Say our product has:

1. Selling price = $20

2. Profit Margin = $5

3. Break-even ACOS = 25%

Assume, that one particular keyword has a CPC of $1. And after getting 5 clicks, we get a sale. It means $5 is spent to bring the sale of $20. And ROAS is 4. Congratulations, we are 4 times profitable.


Our profit margin was $5 and we utilized all that margin ($5) in the clicks to get that sale. So how can we say that we are profitable?

Because the other $15 are spent on the Landing Cost & Amazon Fee of the product and they are not contributing to our profitability. Making sense?

Now let’s come to the point I want to discuss. ROAS formula has a serious defect. It’s calculated as:

ROAS = Sales/Spend

The “Sales” factor in the numerator accounts for the REVENUE of the product (Including Profit + Landing Cost + Amazon Fee) and NOT the PROFIT. It essentially means that with the current definition of ROAS, we can’t say that we are profitable even if ROAS>1 because Landing Cost has already been spent on the product. And when we get a sale, Amazon Fee will be deducted leaving us with a Profit Margin only.

And in the light of the above example, if we have spent $5 on PPC, we are selling the product with no profit/no loss even though ROAS = 4.

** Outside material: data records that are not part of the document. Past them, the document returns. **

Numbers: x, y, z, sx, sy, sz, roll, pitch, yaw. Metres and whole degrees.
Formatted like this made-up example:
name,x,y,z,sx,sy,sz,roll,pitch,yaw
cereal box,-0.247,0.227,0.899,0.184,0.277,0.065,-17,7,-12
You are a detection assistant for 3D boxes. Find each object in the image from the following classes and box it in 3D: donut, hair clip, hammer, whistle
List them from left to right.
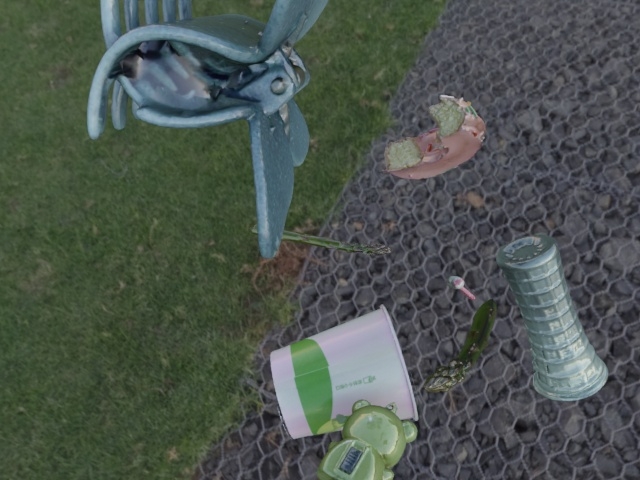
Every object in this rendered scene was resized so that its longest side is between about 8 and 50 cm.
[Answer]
name,x,y,z,sx,sy,sz,roll,pitch,yaw
hair clip,-0.121,-0.226,0.789,0.239,0.392,0.318,11,25,4
whistle,0.063,0.402,1.080,0.131,0.106,0.288,19,55,28
donut,0.178,-0.146,0.907,0.166,0.117,0.065,-30,63,42
hammer,0.350,0.119,1.509,0.083,0.052,0.031,39,84,-12

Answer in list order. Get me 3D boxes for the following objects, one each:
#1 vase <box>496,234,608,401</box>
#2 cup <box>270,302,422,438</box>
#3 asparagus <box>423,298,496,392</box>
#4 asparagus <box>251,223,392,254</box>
name,x,y,z,sx,sy,sz,roll,pitch,yaw
vase,0.427,0.142,1.153,0.143,0.298,0.143,-23,18,8
cup,0.046,0.285,1.289,0.274,0.253,0.253,-15,54,0
asparagus,0.165,0.118,0.683,0.034,0.027,0.236,40,30,12
asparagus,0.000,0.001,1.056,0.249,0.024,0.025,9,92,12
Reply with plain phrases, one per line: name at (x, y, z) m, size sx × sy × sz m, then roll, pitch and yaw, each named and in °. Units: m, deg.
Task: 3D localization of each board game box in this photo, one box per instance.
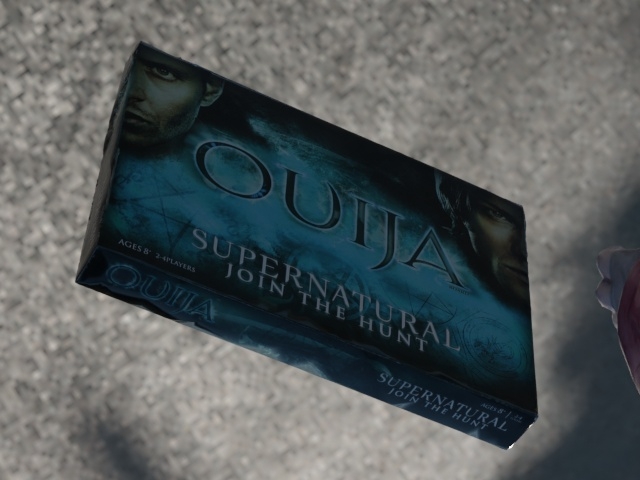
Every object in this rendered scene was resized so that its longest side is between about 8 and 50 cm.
board game box at (0.000, 0.000, 0.699) m, size 0.186 × 0.126 × 0.026 m, roll 22°, pitch 130°, yaw -17°

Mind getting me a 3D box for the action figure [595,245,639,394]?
action figure at (0.178, 0.060, 0.470) m, size 0.248 × 0.370 × 0.276 m, roll -35°, pitch -178°, yaw 34°

So, according to me, if the “SALES” factor in the numerator of ROAS formula accounts for Profit Margin only instead of Revenue of the product, only then ROAS>1 means profitability. Otherwise, for this particular example, we are not profitable even if ROAS = 3.5. Because Ad Spend has become $5.71 ($0.71 above our profit margin).

In other words, ROAS=4 means Break-even ROAS. We will be profitable only above ROAS=4 if we use Revenue instead of Profit Margin in the ROAS Formula.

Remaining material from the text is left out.